NameError: name 'metrics' is not defined

In [None]:
# We can also test it on new data that we don't have the information for.
new_obs = ["I loved this place. Will come back."]

new_obs = cv.transform(new_obs)
new_obs = tfidf.transform(new_obs)
classifier.predict(new_obs)

NameError: name 'cv' is not defined

### Alternate Classifiers in Scikit-Learn

The scikit-learn library contains many different classification models, and it can be useful to train several and compare them. To do so, just import a different classifier from scikit-learn, then change the line `classifier = SGDClassifier()` to use the new classifier. And you're done.

At the top of the notebook, the `MultinomialNB()` classifier has already been imported for you, so give that a try. [Comparisons of several classifiers](https://scikit-learn.org/stable/auto_examples/classification/plot_classifier_comparison.html) can be found on the library's website.

This is generally how the Scikit-Learn package works: you use a different classification (or regression) model, whose implementation has been taken care of for you. Its your goal primarily to choose a model, and do any pre-processing to get data in a usable format.

This process will be simplified even more when we use pipelines in the next notebook.

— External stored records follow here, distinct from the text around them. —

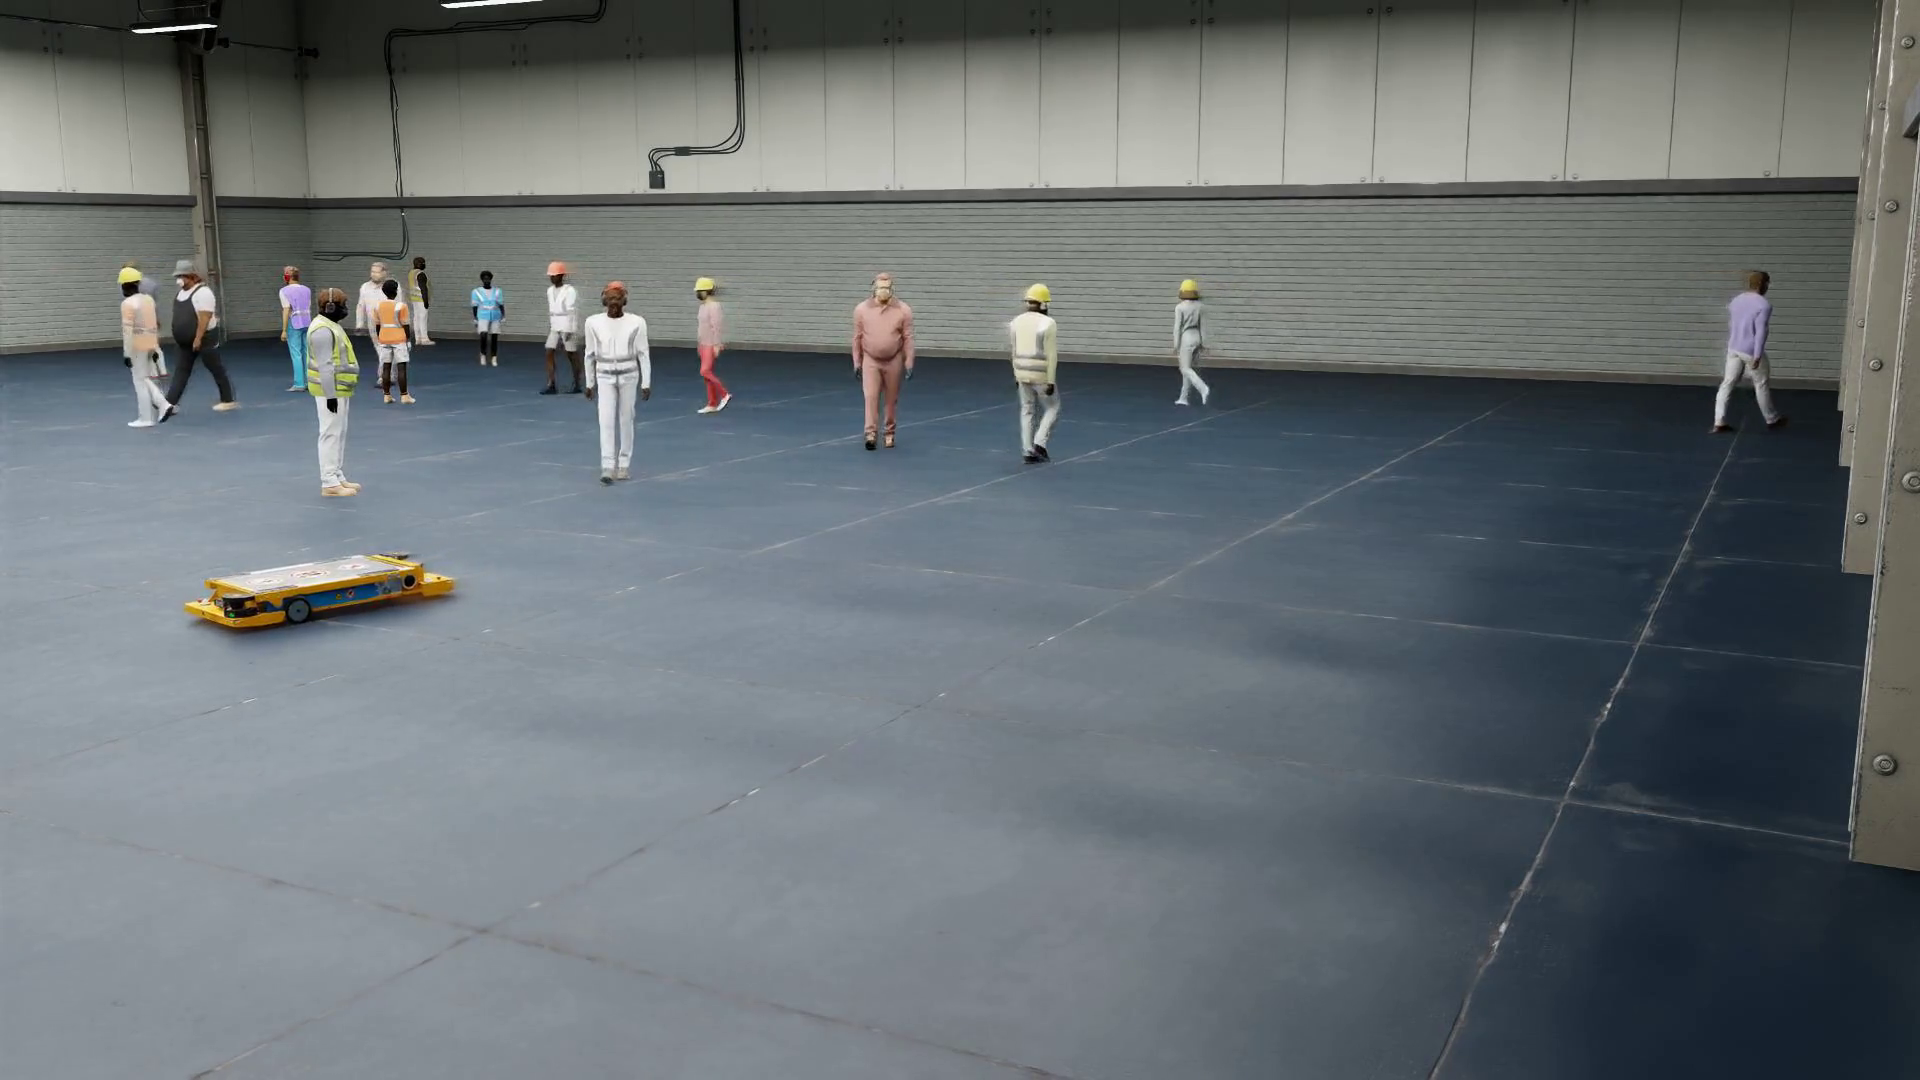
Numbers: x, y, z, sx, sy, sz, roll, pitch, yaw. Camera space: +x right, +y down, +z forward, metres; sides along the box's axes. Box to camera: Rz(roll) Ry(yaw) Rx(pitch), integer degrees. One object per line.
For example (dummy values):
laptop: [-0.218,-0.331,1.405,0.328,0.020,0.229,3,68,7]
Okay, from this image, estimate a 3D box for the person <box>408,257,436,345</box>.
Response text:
person: [-11.328,-5.023,34.982,0.429,1.844,0.625,-9,14,-40]

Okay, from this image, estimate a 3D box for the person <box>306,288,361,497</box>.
person: [-5.534,-1.301,14.722,0.430,1.838,0.632,-2,11,-11]

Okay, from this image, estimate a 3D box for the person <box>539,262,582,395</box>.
person: [-5.797,-3.037,23.976,0.563,1.908,0.819,6,12,28]

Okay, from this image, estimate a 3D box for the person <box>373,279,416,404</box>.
person: [-7.715,-2.696,22.675,0.537,1.700,0.317,2,11,13]

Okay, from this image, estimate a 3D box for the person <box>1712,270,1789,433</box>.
person: [9.262,-2.183,19.392,1.030,1.880,0.637,-4,11,-21]

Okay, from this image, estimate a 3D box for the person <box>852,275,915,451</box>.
person: [-0.819,-1.873,17.726,0.664,1.859,0.990,0,10,-2]

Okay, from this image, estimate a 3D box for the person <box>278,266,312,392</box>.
person: [-9.730,-3.092,24.434,0.389,1.845,0.564,4,11,22]

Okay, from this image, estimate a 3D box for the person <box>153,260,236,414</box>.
person: [-9.934,-2.654,21.519,0.688,2.000,1.071,5,12,28]

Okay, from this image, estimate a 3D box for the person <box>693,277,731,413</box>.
person: [-3.249,-2.497,21.423,0.374,1.752,0.551,-6,12,-28]

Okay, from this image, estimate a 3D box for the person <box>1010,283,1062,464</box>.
person: [0.764,-1.648,16.647,0.598,1.819,0.423,8,13,38]

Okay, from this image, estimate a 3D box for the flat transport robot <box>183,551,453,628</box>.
flat transport robot: [-3.950,0.290,10.291,0.652,0.197,1.431,9,14,40]

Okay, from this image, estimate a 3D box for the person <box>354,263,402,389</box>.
person: [-8.785,-3.219,25.046,0.656,1.872,0.849,3,11,17]

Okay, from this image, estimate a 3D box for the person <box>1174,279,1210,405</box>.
person: [3.142,-2.647,22.384,0.498,1.723,0.707,-7,13,-34]

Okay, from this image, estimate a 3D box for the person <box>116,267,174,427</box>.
person: [-9.803,-2.296,19.904,0.448,1.913,0.616,1,10,5]

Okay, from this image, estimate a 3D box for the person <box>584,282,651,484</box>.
person: [-3.176,-1.440,15.403,0.611,1.848,0.894,-1,10,-8]

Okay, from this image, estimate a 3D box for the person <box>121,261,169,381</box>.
person: [-12.843,-3.427,26.125,0.372,1.908,0.685,3,11,16]

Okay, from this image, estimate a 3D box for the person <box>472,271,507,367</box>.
person: [-8.213,-3.854,29.052,0.550,1.680,0.540,-5,12,-27]

### Standard Classification Tasks in Natural Language Processing

Historically, these have been given specific names, but ultimately they are all classifiers, and can use the same

* **Sentiment Analysis.** Do people like the thing? Hate the thing? This has a lot of usage in business: there are a hundred thousand social media posts and I don't have time to read them all. The example classifier above is a sentiment classifier.

* **Part-of-Speech Tagging.** Is this word in a given sentence a noun, an adjective, &c.? This is used

* **Proper Noun Detection.** Which words in this sentence are proper nouns? This is useful for identifying people and places in documents (e.g. letters, newspaper articles) when you don't have a complete list beforehand.

For each of these classification tasks, what would the training data (X and y) need to look like?